ASSIGNMENT - Write out the records below exactly as they appear, skipping each picture.

Saved entries

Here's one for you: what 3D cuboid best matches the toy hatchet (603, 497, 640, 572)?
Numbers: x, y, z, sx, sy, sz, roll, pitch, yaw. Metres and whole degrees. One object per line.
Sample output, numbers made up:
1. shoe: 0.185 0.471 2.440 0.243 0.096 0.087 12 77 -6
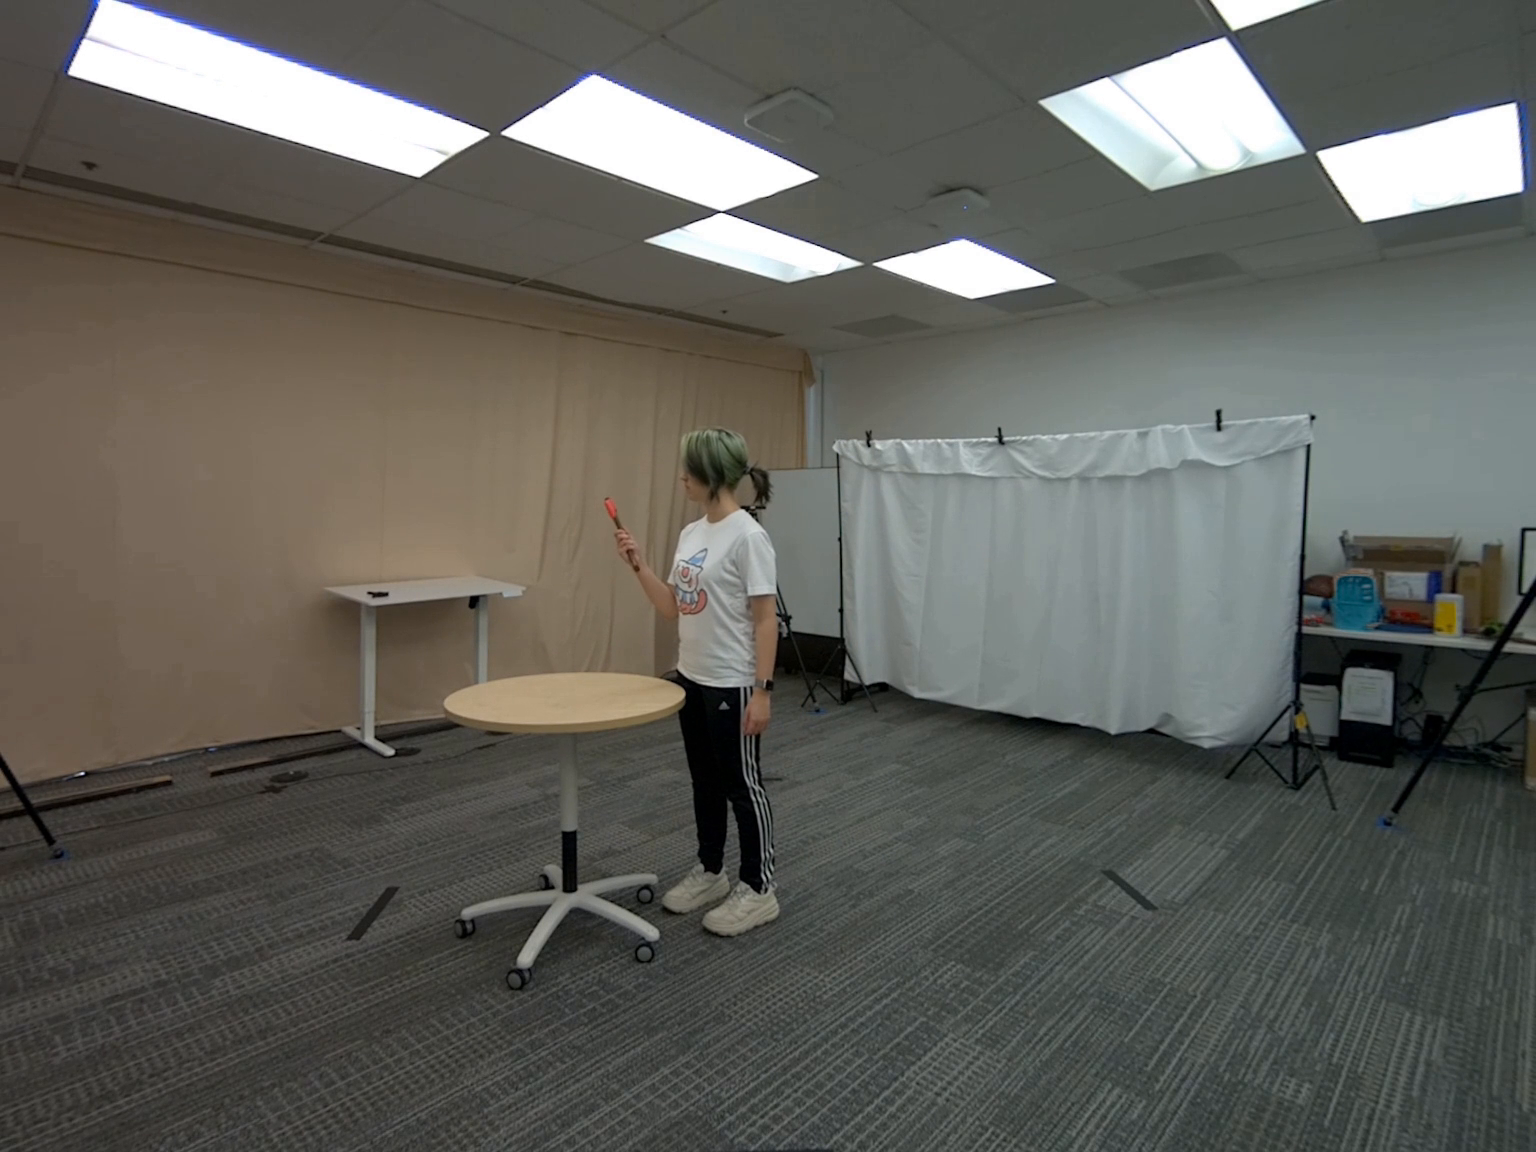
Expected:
1. toy hatchet: -0.491 -0.151 2.812 0.029 0.276 0.128 -24 -24 -3

ANSWER FOR THE TASK -
Here's one for you: what 3D cuboid best matches the toy hatchet (603, 497, 640, 572)?
Numbers: x, y, z, sx, sy, sz, roll, pitch, yaw. Metres and whole degrees. One object per line.
Sample output, numbers made up:
1. shoe: 0.185 0.471 2.440 0.243 0.096 0.087 12 77 -6
Expected:
1. toy hatchet: -0.491 -0.151 2.812 0.029 0.276 0.128 -24 -24 -3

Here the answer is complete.